## Dataset items

⟨

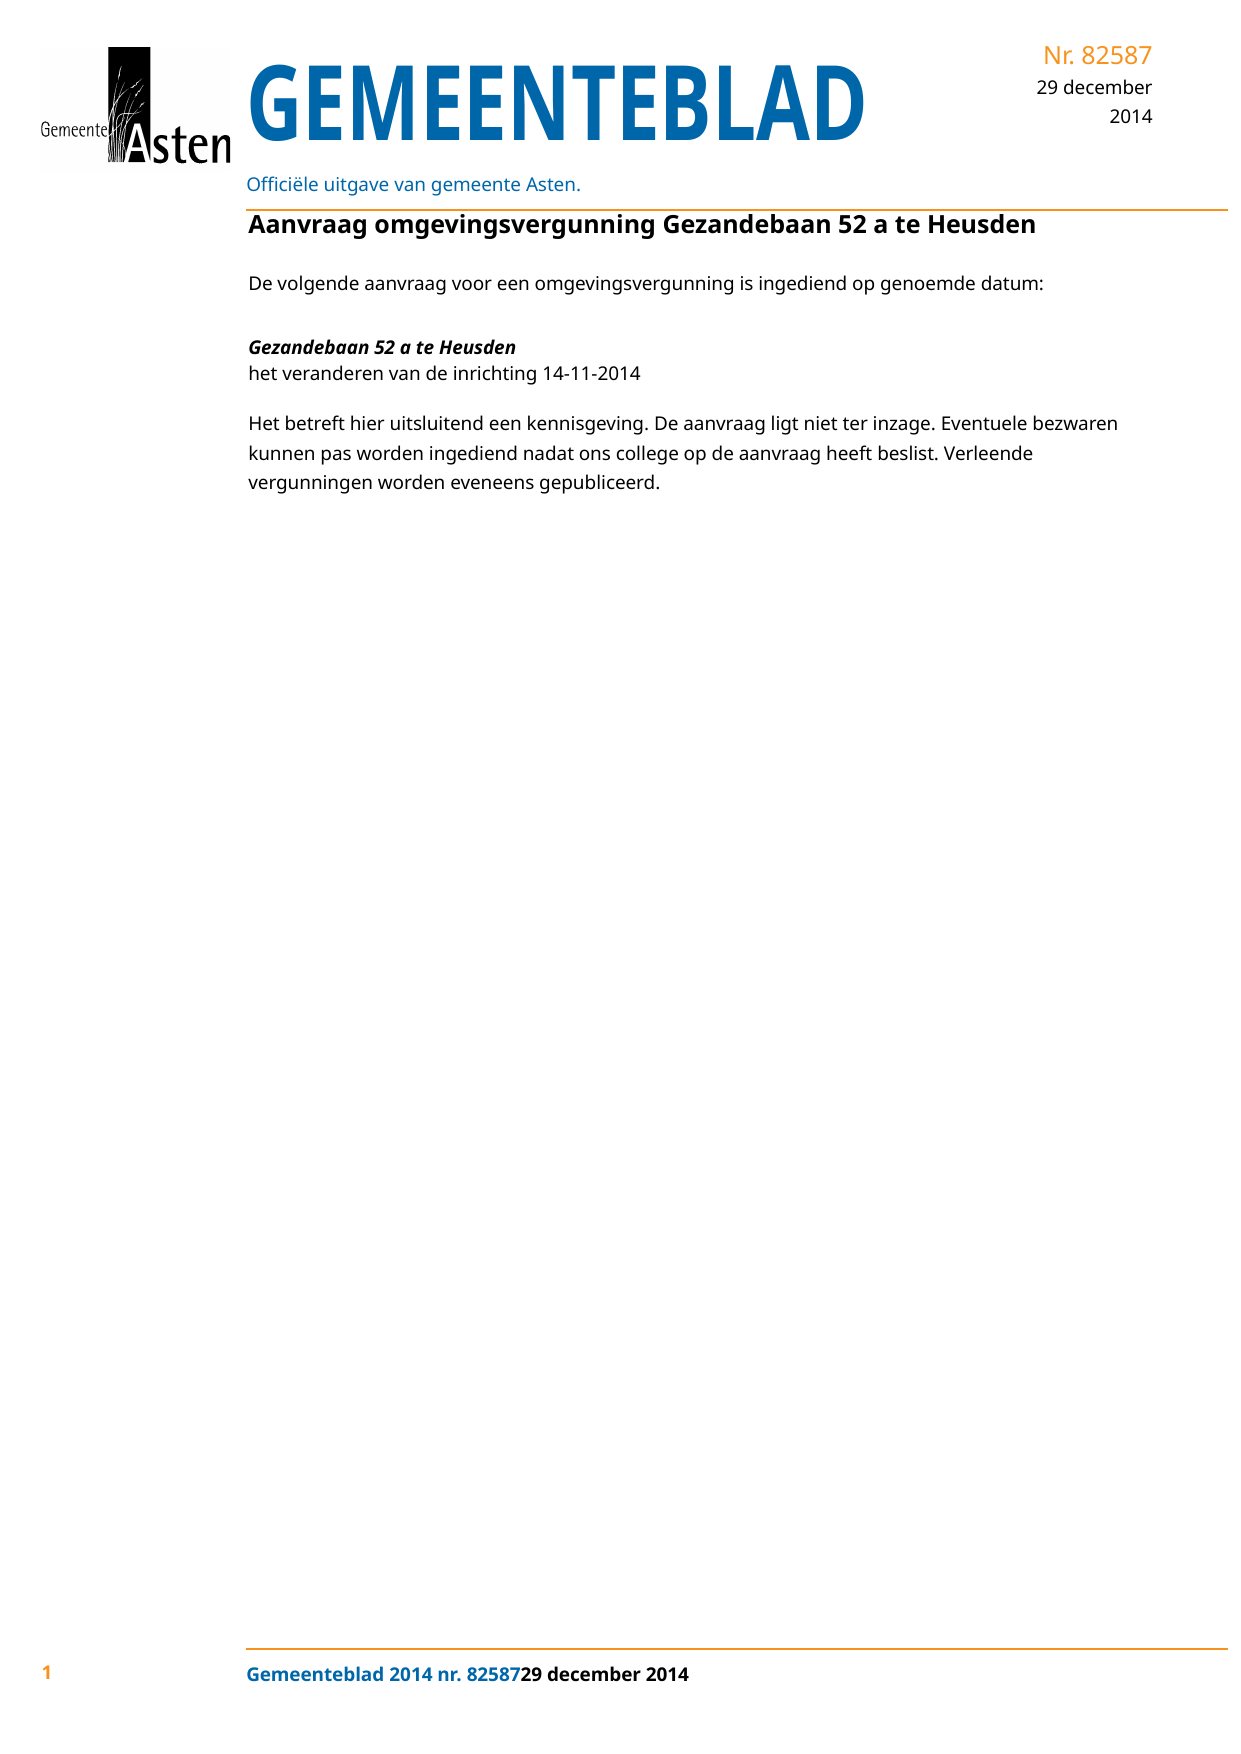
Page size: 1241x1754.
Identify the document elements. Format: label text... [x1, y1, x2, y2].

picture [41, 47, 231, 172]
text Gezandebaan 52 a te Heusden [248, 334, 1152, 360]
text De volgende aanvraag voor een omgevingsvergunning is ingediend op genoemde datum: [248, 270, 1152, 296]
text het veranderen van de inrichting 14-11-2014 [248, 360, 1152, 386]
text Het betreft hier uitsluitend een kennisgeving. De aanvraag ligt niet ter inzage. Eventuele bezwaren kunnen pas worden ingediend nadat ons college op de aanvraag heeft beslist. Verleende vergunningen worden eveneens gepubliceerd. [248, 410, 1152, 495]
text Aanvraag omgevingsvergunning Gezandebaan 52 a te Heusden [248, 211, 1152, 241]

⟩

Start at the line containing "Identify the document" and transcribe through the end of the entries. Please keep both ends and add nothing.

## ANSWER TO THE EXERCISE
Identify the document elements. Format: label text... [x1, y1, x2, y2].

picture [41, 47, 231, 172]
text Gezandebaan 52 a te Heusden [248, 334, 1152, 360]
text De volgende aanvraag voor een omgevingsvergunning is ingediend op genoemde datum: [248, 270, 1152, 296]
text het veranderen van de inrichting 14-11-2014 [248, 360, 1152, 386]
text Het betreft hier uitsluitend een kennisgeving. De aanvraag ligt niet ter inzage. Eventuele bezwaren kunnen pas worden ingediend nadat ons college op de aanvraag heeft beslist. Verleende vergunningen worden eveneens gepubliceerd. [248, 410, 1152, 495]
text Aanvraag omgevingsvergunning Gezandebaan 52 a te Heusden [248, 211, 1152, 241]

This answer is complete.